* What is being asked: Once the line containing "and pattern name" is found in the entries below, reproduce it and every line after it, stopping at and including the line containing "-27914.609), (89485.976, -27914.609)])"; reproduce nothing else, and keep each line exact.

* Stored data:

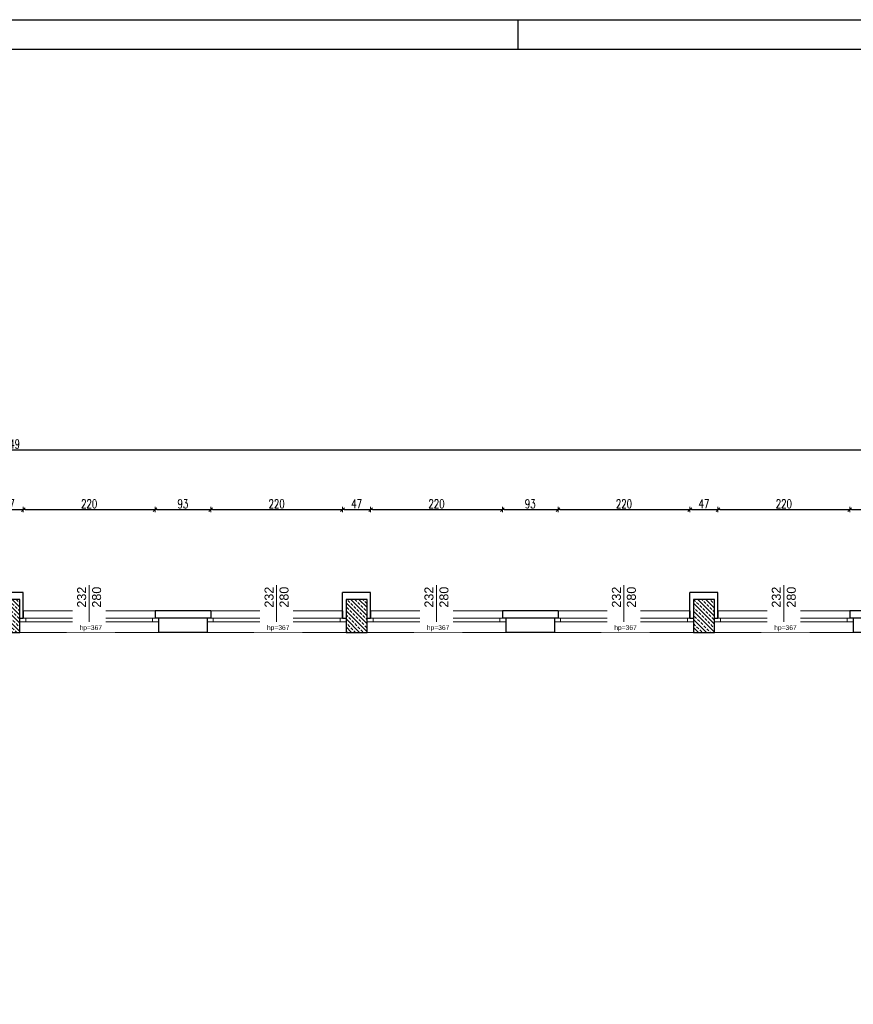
# Model space of a CAD drawing. Header units: millimetres. Extents: x 0 to 111311, y -48878 to -25280.
# Tile 148 of 244: x 89503 to 90895, y -28536 to -26891. Entities that reach past the tile are written whole.
import ezdxf

# ---------------------------------------------------------------- set-up
doc = ezdxf.new("R2010")
doc.units = ezdxf.units.MM
doc.layers.get('Defpoints').update_dxf_attribs({"color": 30})
doc.layers.add('e-cad_opisy', color=7, linetype='Continuous')
for name, color, linetype, lineweight in [('J opisy', 7, 'Continuous', 9), ('J stolarka_okna', 144, 'Continuous', 0), ('J wymiary', 1, 'Continuous', 9), ('sciany', 252, 'Continuous', 30)]:
    doc.layers.add(name, color=color, linetype=linetype, lineweight=lineweight)
doc.styles.add('ADESK2', font='simplex', dxfattribs={"width": 0.7})
doc.styles.get("Standard").update_dxf_attribs({"font": 'arial.ttf'})
doc.dimstyles.new('1-100', dxfattribs={"dimscale": 1.5, "dimtxt": 10, "dimasz": 2, "dimexe": 1, "dimexo": 1, "dimgap": 1.5, "dimtad": 1, "dimdec": 0, "dimrnd": 0.5, "dimdsep": 46, "dimtxsty": 'ADESK2', "dimblk": 'wymiar', "dimcen": -1, "dimdle": 5, "dimse1": 1, "dimse2": 1, "dimclrd": 256, "dimclre": 256, "dimclrt": 256, "dimadec": 0, "dimazin": 0, "dimtfac": 1, "dimtdec": 0, "dimtix": 1, "dimtmove": 0, "dimatfit": 3, "dimfxl": 20, "dimfxlon": 1, "dimtolj": 1, "dimtzin": 0, "dimarcsym": 0})
pattern_1 = [(135, (20862.355, -6471.846), (-6.7351921, -6.7351921), []), (135, (20862.355, -6465.111), (-6.7351921, -6.7351921), [4.7625, -2.38125])]

# ---------------------------------------------------------------- blocks, each defined once
blk = doc.blocks.new('A1_poziom')
at = {"ltscale": 0.8}
blk.add_line((481, 589), (481, 594), dxfattribs=at)
for points in [[(0, 0), (0, 297), (25, 297), (25, 594), (841, 594), (841, 0)], [(30, 5), (836, 5), (836, 589), (30, 589)]]:
    blk.add_lwpolyline(points, close=True)
blk = doc.blocks.new('wymiar')
for p, q in [((1.5, 0), (-1.5, 0)), ((1.06, 1.06), (-1.06, -1.06)), ((0, 1.5), (0, -1.5))]:
    blk.add_line(p, q)
blk = doc.blocks.new('*D1581')
at = {"layer": 'Defpoints', "color": 0, "ltscale": 2}
for p in [(89509.5, -27709.4), (89462.5, -27882.6), (89509.5, -27883)]:
    blk.add_point(p, dxfattribs=at)
at = {"layer": 'J wymiary', "lineweight": -2}
blk.add_line((89465.5, -27709.4), (89506.5, -27709.4), dxfattribs=at)
at = {"layer": 'J wymiary', "lineweight": -2, "ltscale": 2, "xscale": 3, "yscale": 3, "zscale": 3, "rotation": 180}
blk.add_blockref('wymiar', (89462.5, -27709.4), dxfattribs=at)
at = {"layer": 'J wymiary', "lineweight": -2, "ltscale": 2, "xscale": 3, "yscale": 3, "zscale": 3}
blk.add_blockref('wymiar', (89509.5, -27709.4), dxfattribs=at)
at = {"layer": 'J wymiary', "ltscale": 2, "insert": (89486, -27699.7), "char_height": 15, "attachment_point": 5, "style": 'ADESK2'}
blk.add_mtext('\\A1;47', dxfattribs=at)
blk = doc.blocks.new('*D1582')
at = {"layer": 'Defpoints', "color": 0, "ltscale": 4}
for p in [(89729.5, -27709.4), (89509.5, -27883), (89729.5, -27884.6)]:
    blk.add_point(p, dxfattribs=at)
at = {"layer": 'J wymiary', "lineweight": -2}
blk.add_line((89512.5, -27709.4), (89726.5, -27709.4), dxfattribs=at)
at = {"layer": 'J wymiary', "lineweight": -2, "ltscale": 4, "xscale": 3, "yscale": 3, "zscale": 3, "rotation": 180}
blk.add_blockref('wymiar', (89509.5, -27709.4), dxfattribs=at)
at = {"layer": 'J wymiary', "lineweight": -2, "ltscale": 4, "xscale": 3, "yscale": 3, "zscale": 3}
blk.add_blockref('wymiar', (89729.5, -27709.4), dxfattribs=at)
at = {"layer": 'J wymiary', "ltscale": 4, "insert": (89619.5, -27699.7), "char_height": 15, "attachment_point": 5, "style": 'ADESK2'}
blk.add_mtext('\\A1;220', dxfattribs=at)
blk = doc.blocks.new('*D1583')
at = {"layer": 'Defpoints', "color": 0, "ltscale": 4}
for p in [(89822.5, -27709.4), (89729.5, -27884.6), (89822.5, -27883.3)]:
    blk.add_point(p, dxfattribs=at)
at = {"layer": 'J wymiary', "lineweight": -2}
blk.add_line((89732.5, -27709.4), (89819.5, -27709.4), dxfattribs=at)
at = {"layer": 'J wymiary', "lineweight": -2, "ltscale": 4, "xscale": 3, "yscale": 3, "zscale": 3, "rotation": 180}
blk.add_blockref('wymiar', (89729.5, -27709.4), dxfattribs=at)
at = {"layer": 'J wymiary', "lineweight": -2, "ltscale": 4, "xscale": 3, "yscale": 3, "zscale": 3}
blk.add_blockref('wymiar', (89822.5, -27709.4), dxfattribs=at)
at = {"layer": 'J wymiary', "ltscale": 4, "insert": (89776, -27699.7), "char_height": 15, "attachment_point": 5, "style": 'ADESK2'}
blk.add_mtext('\\A1;93', dxfattribs=at)
blk = doc.blocks.new('*D1584')
at = {"layer": 'Defpoints', "color": 0, "ltscale": 4}
for p in [(90042.5, -27709.4), (89822.5, -27883.3), (90042.5, -27881.9)]:
    blk.add_point(p, dxfattribs=at)
at = {"layer": 'J wymiary', "lineweight": -2}
blk.add_line((89825.5, -27709.4), (90039.5, -27709.4), dxfattribs=at)
at = {"layer": 'J wymiary', "lineweight": -2, "ltscale": 4, "xscale": 3, "yscale": 3, "zscale": 3, "rotation": 180}
blk.add_blockref('wymiar', (89822.5, -27709.4), dxfattribs=at)
at = {"layer": 'J wymiary', "lineweight": -2, "ltscale": 4, "xscale": 3, "yscale": 3, "zscale": 3}
blk.add_blockref('wymiar', (90042.5, -27709.4), dxfattribs=at)
at = {"layer": 'J wymiary', "ltscale": 4, "insert": (89932.5, -27699.7), "char_height": 15, "attachment_point": 5, "style": 'ADESK2'}
blk.add_mtext('\\A1;220', dxfattribs=at)
blk = doc.blocks.new('*D1585')
at = {"layer": 'Defpoints', "color": 0, "ltscale": 4}
for p in [(90089.5, -27709.4), (90042.5, -27881.9), (90089.5, -27883)]:
    blk.add_point(p, dxfattribs=at)
at = {"layer": 'J wymiary', "lineweight": -2}
blk.add_line((90045.5, -27709.4), (90086.5, -27709.4), dxfattribs=at)
at = {"layer": 'J wymiary', "lineweight": -2, "ltscale": 4, "xscale": 3, "yscale": 3, "zscale": 3, "rotation": 180}
blk.add_blockref('wymiar', (90042.5, -27709.4), dxfattribs=at)
at = {"layer": 'J wymiary', "lineweight": -2, "ltscale": 4, "xscale": 3, "yscale": 3, "zscale": 3}
blk.add_blockref('wymiar', (90089.5, -27709.4), dxfattribs=at)
at = {"layer": 'J wymiary', "ltscale": 4, "insert": (90066, -27699.7), "char_height": 15, "attachment_point": 5, "style": 'ADESK2'}
blk.add_mtext('\\A1;47', dxfattribs=at)
blk = doc.blocks.new('*D1586')
at = {"layer": 'Defpoints', "color": 0, "ltscale": 4}
for p in [(90309.5, -27709.4), (90089.5, -27883), (90309.5, -27882.2)]:
    blk.add_point(p, dxfattribs=at)
at = {"layer": 'J wymiary', "lineweight": -2}
blk.add_line((90092.5, -27709.4), (90306.5, -27709.4), dxfattribs=at)
at = {"layer": 'J wymiary', "lineweight": -2, "ltscale": 4, "xscale": 3, "yscale": 3, "zscale": 3, "rotation": 180}
blk.add_blockref('wymiar', (90089.5, -27709.4), dxfattribs=at)
at = {"layer": 'J wymiary', "lineweight": -2, "ltscale": 4, "xscale": 3, "yscale": 3, "zscale": 3}
blk.add_blockref('wymiar', (90309.5, -27709.4), dxfattribs=at)
at = {"layer": 'J wymiary', "ltscale": 4, "insert": (90199.5, -27699.7), "char_height": 15, "attachment_point": 5, "style": 'ADESK2'}
blk.add_mtext('\\A1;220', dxfattribs=at)
blk = doc.blocks.new('*D1587')
at = {"layer": 'Defpoints', "color": 0, "ltscale": 4}
for p in [(90402.5, -27709.4), (90309.5, -27882.2), (90402.5, -27881.7)]:
    blk.add_point(p, dxfattribs=at)
at = {"layer": 'J wymiary', "lineweight": -2}
blk.add_line((90312.5, -27709.4), (90399.5, -27709.4), dxfattribs=at)
at = {"layer": 'J wymiary', "lineweight": -2, "ltscale": 4, "xscale": 3, "yscale": 3, "zscale": 3, "rotation": 180}
blk.add_blockref('wymiar', (90309.5, -27709.4), dxfattribs=at)
at = {"layer": 'J wymiary', "lineweight": -2, "ltscale": 4, "xscale": 3, "yscale": 3, "zscale": 3}
blk.add_blockref('wymiar', (90402.5, -27709.4), dxfattribs=at)
at = {"layer": 'J wymiary', "ltscale": 4, "insert": (90356, -27699.7), "char_height": 15, "attachment_point": 5, "style": 'ADESK2'}
blk.add_mtext('\\A1;93', dxfattribs=at)
blk = doc.blocks.new('*D1588')
at = {"layer": 'Defpoints', "color": 0, "ltscale": 4}
for p in [(90622.5, -27709.4), (90402.5, -27881.7), (90622.5, -27882.2)]:
    blk.add_point(p, dxfattribs=at)
at = {"layer": 'J wymiary', "lineweight": -2}
blk.add_line((90405.5, -27709.4), (90619.5, -27709.4), dxfattribs=at)
at = {"layer": 'J wymiary', "lineweight": -2, "ltscale": 4, "xscale": 3, "yscale": 3, "zscale": 3, "rotation": 180}
blk.add_blockref('wymiar', (90402.5, -27709.4), dxfattribs=at)
at = {"layer": 'J wymiary', "lineweight": -2, "ltscale": 4, "xscale": 3, "yscale": 3, "zscale": 3}
blk.add_blockref('wymiar', (90622.5, -27709.4), dxfattribs=at)
at = {"layer": 'J wymiary', "ltscale": 4, "insert": (90512.5, -27699.7), "char_height": 15, "attachment_point": 5, "style": 'ADESK2'}
blk.add_mtext('\\A1;220', dxfattribs=at)
blk = doc.blocks.new('*D1589')
at = {"layer": 'Defpoints', "color": 0, "ltscale": 4}
for p in [(90669.5, -27709.4), (90622.5, -27882.2), (90669.5, -27880.5)]:
    blk.add_point(p, dxfattribs=at)
at = {"layer": 'J wymiary', "lineweight": -2}
blk.add_line((90625.5, -27709.4), (90666.5, -27709.4), dxfattribs=at)
at = {"layer": 'J wymiary', "lineweight": -2, "ltscale": 4, "xscale": 3, "yscale": 3, "zscale": 3, "rotation": 180}
blk.add_blockref('wymiar', (90622.5, -27709.4), dxfattribs=at)
at = {"layer": 'J wymiary', "lineweight": -2, "ltscale": 4, "xscale": 3, "yscale": 3, "zscale": 3}
blk.add_blockref('wymiar', (90669.5, -27709.4), dxfattribs=at)
at = {"layer": 'J wymiary', "ltscale": 4, "insert": (90646, -27699.7), "char_height": 15, "attachment_point": 5, "style": 'ADESK2'}
blk.add_mtext('\\A1;47', dxfattribs=at)
blk = doc.blocks.new('*D1590')
at = {"layer": 'Defpoints', "color": 0, "ltscale": 4}
for p in [(90889.5, -27709.4), (90669.5, -27880.5), (90889.5, -27881.7)]:
    blk.add_point(p, dxfattribs=at)
at = {"layer": 'J wymiary', "lineweight": -2}
blk.add_line((90672.5, -27709.4), (90886.5, -27709.4), dxfattribs=at)
at = {"layer": 'J wymiary', "lineweight": -2, "ltscale": 4, "xscale": 3, "yscale": 3, "zscale": 3, "rotation": 180}
blk.add_blockref('wymiar', (90669.5, -27709.4), dxfattribs=at)
at = {"layer": 'J wymiary', "lineweight": -2, "ltscale": 4, "xscale": 3, "yscale": 3, "zscale": 3}
blk.add_blockref('wymiar', (90889.5, -27709.4), dxfattribs=at)
at = {"layer": 'J wymiary', "ltscale": 4, "insert": (90779.5, -27699.7), "char_height": 15, "attachment_point": 5, "style": 'ADESK2'}
blk.add_mtext('\\A1;220', dxfattribs=at)
blk = doc.blocks.new('*D1591')
at = {"layer": 'Defpoints', "color": 0, "ltscale": 4}
for p in [(90982.5, -27709.4), (90889.5, -27881.7), (90982.5, -27884.6)]:
    blk.add_point(p, dxfattribs=at)
at = {"layer": 'J wymiary', "lineweight": -2}
blk.add_line((90892.5, -27709.4), (90979.5, -27709.4), dxfattribs=at)
at = {"layer": 'J wymiary', "lineweight": -2, "ltscale": 4, "xscale": 3, "yscale": 3, "zscale": 3, "rotation": 180}
blk.add_blockref('wymiar', (90889.5, -27709.4), dxfattribs=at)
at = {"layer": 'J wymiary', "lineweight": -2, "ltscale": 4, "xscale": 3, "yscale": 3, "zscale": 3}
blk.add_blockref('wymiar', (90982.5, -27709.4), dxfattribs=at)
at = {"layer": 'J wymiary', "ltscale": 4, "insert": (90936, -27699.7), "char_height": 15, "attachment_point": 5, "style": 'ADESK2'}
blk.add_mtext('\\A1;93', dxfattribs=at)
blk = doc.blocks.new('*D1598')
at = {"layer": 'Defpoints', "color": 0, "ltscale": 4}
for p in [(91860.5, -27609.6), (87111.5, -27842.6), (91860.5, -27842.6)]:
    blk.add_point(p, dxfattribs=at)
at = {"layer": 'J wymiary', "lineweight": -2}
blk.add_line((87114.5, -27609.6), (91857.5, -27609.6), dxfattribs=at)
at = {"layer": 'J wymiary', "lineweight": -2, "ltscale": 4, "xscale": 3, "yscale": 3, "zscale": 3, "rotation": 180}
blk.add_blockref('wymiar', (87111.5, -27609.6), dxfattribs=at)
at = {"layer": 'J wymiary', "lineweight": -2, "ltscale": 4, "xscale": 3, "yscale": 3, "zscale": 3}
blk.add_blockref('wymiar', (91860.5, -27609.6), dxfattribs=at)
at = {"layer": 'J wymiary', "ltscale": 4, "insert": (89486, -27599.8), "char_height": 15, "attachment_point": 5, "style": 'ADESK2'}
blk.add_mtext('\\A1;4749', dxfattribs=at)

msp = doc.modelspace()

# ---------------------------------------------------------------- hatches: boundary and pattern name
at = {"layer": 'J opisy'}
h = msp.add_hatch(dxfattribs=at)
h.set_pattern_fill('ANSI33', color=256, scale=1.5, angle=90, style=0)
h.set_pattern_definition(pattern_1)
h.paths.add_polyline_path([(89485.976, -27887.109), (89468.476, -27887.109), (89468.476, -27914.609), (89485.976, -27914.609)])
h.paths.add_polyline_path([(89485.976, -27914.609), (89503.476, -27914.609), (89503.476, -27887.109), (89485.976, -27887.109)])
h.paths.add_polyline_path([(89485.976, -27887.109), (89503.476, -27887.109), (89503.476, -27859.609), (89485.976, -27859.609)])
h.paths.add_polyline_path([(89468.476, -27887.109), (89485.976, -27887.109), (89485.976, -27859.609), (89468.476, -27859.609)])
h = msp.add_hatch(dxfattribs=at)
h.set_pattern_fill('ANSI33', color=256, scale=1.5, angle=90, style=0)
h.set_pattern_definition(pattern_1)
h.paths.add_polyline_path([(90065.976, -27887.109), (90048.476, -27887.109), (90048.476, -27914.609), (90065.976, -27914.609)])
h.paths.add_polyline_path([(90065.976, -27914.609), (90083.476, -27914.609), (90083.476, -27887.109), (90065.976, -27887.109)])
h.paths.add_polyline_path([(90065.976, -27887.109), (90083.476, -27887.109), (90083.476, -27859.609), (90065.976, -27859.609)])
h.paths.add_polyline_path([(90048.476, -27887.109), (90065.976, -27887.109), (90065.976, -27859.609), (90048.476, -27859.609)])
h = msp.add_hatch(dxfattribs=at)
h.set_pattern_fill('ANSI33', color=256, scale=1.5, angle=90, style=0)
h.set_pattern_definition(pattern_1)
h.paths.add_polyline_path([(90645.976, -27887.109), (90628.476, -27887.109), (90628.476, -27914.609), (90645.976, -27914.609)])
h.paths.add_polyline_path([(90645.976, -27914.609), (90663.476, -27914.609), (90663.476, -27887.109), (90645.976, -27887.109)])
h.paths.add_polyline_path([(90645.976, -27887.109), (90663.476, -27887.109), (90663.476, -27859.609), (90645.976, -27859.609)])
h.paths.add_polyline_path([(90628.476, -27887.109), (90645.976, -27887.109), (90645.976, -27859.609), (90628.476, -27859.609)])

# ---------------------------------------------------------------- linework, layer by layer
for p, q in [((89509.476, -27878.609), (89509.476, -27890.609)), ((89816.476, -27890.609), (89816.476, -27914.609)), ((90036.476, -27878.609), (90036.476, -27878.609)), ((90042.476, -27878.609), (90042.476, -27890.609)), ((90089.476, -27878.609), (90089.476, -27890.609)), ((90396.476, -27890.609), (90396.476, -27914.609)), ((90616.476, -27878.609), (90616.476, -27878.609)), ((90622.476, -27878.609), (90622.476, -27890.609)), ((90669.476, -27878.609), (90669.476, -27890.609))]:
    msp.add_line(p, q)
at = {"layer": 'J stolarka_okna', "linetype": 'Continuous', "lineweight": 9}
for p, q in [((89735.476, -27890.609), (89503.476, -27890.609)), ((89509.476, -27878.609), (89729.476, -27878.609)), ((89513.476, -27890.609), (89513.476, -27896.609)), ((89725.476, -27890.609), (89725.476, -27896.609)), ((89816.476, -27890.609), (90048.476, -27890.609)), ((90042.476, -27878.609), (89822.476, -27878.609)), ((89826.476, -27890.609), (89826.476, -27896.609)), ((90038.476, -27890.609), (90038.476, -27896.609)), ((90315.476, -27890.609), (90083.476, -27890.609)), ((90089.476, -27878.609), (90309.476, -27878.609)), ((90093.476, -27890.609), (90093.476, -27896.609)), ((90305.476, -27890.609), (90305.476, -27896.609)), ((90396.476, -27890.609), (90628.476, -27890.609)), ((90622.476, -27878.609), (90402.476, -27878.609)), ((90406.476, -27890.609), (90406.476, -27896.609)), ((90618.476, -27890.609), (90618.476, -27896.609)), ((90895.476, -27890.609), (90663.476, -27890.609)), ((90669.476, -27878.609), (90889.476, -27878.609)), ((90673.476, -27890.609), (90673.476, -27896.609)), ((90885.476, -27890.609), (90885.476, -27896.609)), ((89735.476, -27896.609), (89503.476, -27896.609)), ((89816.476, -27896.609), (90048.476, -27896.609)), ((90315.476, -27896.609), (90083.476, -27896.609)), ((90396.476, -27896.609), (90628.476, -27896.609)), ((90895.476, -27896.609), (90663.476, -27896.609)), ((89503.476, -27914.609), (89735.476, -27914.609)), ((90048.476, -27914.609), (89816.476, -27914.609)), ((90083.476, -27914.609), (90315.476, -27914.609)), ((90628.476, -27914.609), (90396.476, -27914.609)), ((90663.476, -27914.609), (90895.476, -27914.609))]:
    msp.add_line(p, q, dxfattribs=at)
at = {"layer": 'sciany'}
for p, q in [((89509.476, -27890.609), (89509.476, -27847.609)), ((90042.476, -27890.609), (90042.476, -27847.609)), ((90089.476, -27890.609), (90089.476, -27847.609)), ((90622.476, -27890.609), (90622.476, -27847.609)), ((90669.476, -27890.609), (90669.476, -27847.609)), ((89503.476, -27890.609), (89509.476, -27890.609)), ((89729.476, -27878.609), (89729.476, -27890.609)), ((89735.476, -27890.609), (89735.476, -27914.609)), ((89816.476, -27890.609), (89816.476, -27914.609)), ((89822.476, -27878.609), (89822.476, -27890.609)), ((90042.476, -27890.609), (90048.476, -27890.609)), ((90083.476, -27890.609), (90089.476, -27890.609)), ((90309.476, -27878.609), (90309.476, -27890.609)), ((90315.476, -27890.609), (90315.476, -27914.609)), ((90396.476, -27890.609), (90396.476, -27914.609)), ((90402.476, -27878.609), (90402.476, -27890.609)), ((90622.476, -27890.609), (90628.476, -27890.609)), ((90663.476, -27890.609), (90669.476, -27890.609)), ((90889.476, -27878.609), (90889.476, -27890.609)), ((90895.476, -27890.609), (90895.476, -27914.609)), ((89816.476, -27914.609), (89735.476, -27914.609)), ((90396.476, -27914.609), (90315.476, -27914.609)), ((90976.476, -27914.609), (90895.476, -27914.609))]:
    msp.add_line(p, q, dxfattribs=at)
for points in [[(89509.476, -27847.609), (89462.476, -27847.609)], [(90089.476, -27847.609), (90042.476, -27847.609)], [(90669.476, -27847.609), (90622.476, -27847.609)], [(89822.476, -27878.609), (89729.476, -27878.609)], [(89822.476, -27890.609), (89729.476, -27890.609)], [(90402.476, -27878.609), (90309.476, -27878.609)], [(90402.476, -27890.609), (90309.476, -27890.609)], [(90982.476, -27878.609), (90889.476, -27878.609)], [(90982.476, -27890.609), (90889.476, -27890.609)]]:
    msp.add_lwpolyline(points, dxfattribs=at)
for points in [[(89503.476, -27859.609), (89468.476, -27859.609), (89468.476, -27914.609), (89503.476, -27914.609)], [(90083.476, -27859.609), (90048.476, -27859.609), (90048.476, -27914.609), (90083.476, -27914.609)], [(90663.476, -27859.609), (90628.476, -27859.609), (90628.476, -27914.609), (90663.476, -27914.609)]]:
    msp.add_lwpolyline(points, close=True, dxfattribs=at)

# ---------------------------------------------------------------- block references
at = {"layer": 'e-cad_opisy', "ltscale": 4, "xscale": 10, "yscale": 10, "zscale": 10}
msp.add_blockref('A1_poziom', (85525.867, -32831.019), dxfattribs=at)

# ---------------------------------------------------------------- dimensions: what is measured, and where the dimension line sits
at = {"layer": 'J wymiary'}
for base, p1, p2, picture, middle in [((91860.476, -27609.595), (87111.476, -27842.609), (91860.476, -27842.609), '*D1598', (89485.976, -27599.845)), ((89509.476, -27709.435), (89462.476, -27882.617), (89509.476, -27882.974), '*D1581', (89485.976, -27699.685)), ((89729.476, -27709.435), (89509.476, -27882.974), (89729.476, -27884.609), '*D1582', (89619.476, -27699.685)), ((89822.476, -27709.435), (89729.476, -27884.609), (89822.476, -27883.331), '*D1583', (89775.976, -27699.685)), ((90042.476, -27709.435), (89822.476, -27883.331), (90042.476, -27881.902), '*D1584', (89932.476, -27699.685)), ((90089.476, -27709.435), (90042.476, -27881.902), (90089.476, -27882.974), '*D1585', (90065.976, -27699.685)), ((90309.476, -27709.435), (90089.476, -27882.974), (90309.476, -27882.231), '*D1586', (90199.476, -27699.685)), ((90402.476, -27709.435), (90309.476, -27882.231), (90402.476, -27881.659), '*D1587', (90355.976, -27699.685)), ((90622.476, -27709.435), (90402.476, -27881.659), (90622.476, -27882.231), '*D1588', (90512.476, -27699.685)), ((90669.476, -27709.435), (90622.476, -27882.231), (90669.476, -27880.516), '*D1589', (90645.976, -27699.685)), ((90889.476, -27709.435), (90669.476, -27880.516), (90889.476, -27881.659), '*D1590', (90779.476, -27699.685)), ((90982.476, -27709.435), (90889.476, -27881.659), (90982.476, -27884.609), '*D1591', (90935.976, -27699.685))]:
    dim = msp.add_linear_dim(base=base, p1=p1, p2=p2, dimstyle='1-100', override={"dimblk": 'wymiar'}, dxfattribs=at)
    dim.commit()
    dim.dimension.update_dxf_attribs({"geometry": picture, "text_midpoint": middle})

# ---------------------------------------------------------------- next in the draw order: texts
at = {"layer": 'J opisy', "char_height": 15, "width": 85.22639, "attachment_point": 5, "rotation": 90, "bg_fill": 2}
for insert in [(89619.476, -27855.596), (89932.476, -27855.596), (90199.476, -27855.596), (90512.476, -27855.596), (90779.476, -27855.596)]:
    msp.add_mtext('232\\P280', dxfattribs=dict(at, insert=insert))
at = {"layer": 'J opisy', "char_height": 8, "width": 72.5, "attachment_point": 5, "bg_fill": 2}
for insert in [(89622.135, -27907.666), (89935.135, -27907.666), (90202.135, -27907.666), (90515.135, -27907.666), (90782.135, -27907.666)]:
    msp.add_mtext('hp=367', dxfattribs=dict(at, insert=insert))

# ---------------------------------------------------------------- next in the draw order: linework, layer by layer
at = {"layer": 'J opisy', "linetype": 'Continuous', "lineweight": 9}
for p, q in [((89619.476, -27896.609), (89619.476, -27835.482)), ((89932.476, -27896.609), (89932.476, -27835.482)), ((90199.476, -27896.609), (90199.476, -27835.482)), ((90512.476, -27896.609), (90512.476, -27835.482)), ((90779.476, -27896.609), (90779.476, -27835.482))]:
    msp.add_line(p, q, dxfattribs=at)

doc.saveas('drawing.dxf')

* Response to this exercise:
# ---------------------------------------------------------------- hatches: boundary and pattern name
at = {"layer": 'J opisy'}
h = msp.add_hatch(dxfattribs=at)
h.set_pattern_fill('ANSI33', color=256, scale=1.5, angle=90, style=0)
h.set_pattern_definition(pattern_1)
h.paths.add_polyline_path([(89485.976, -27887.109), (89468.476, -27887.109), (89468.476, -27914.609), (89485.976, -27914.609)])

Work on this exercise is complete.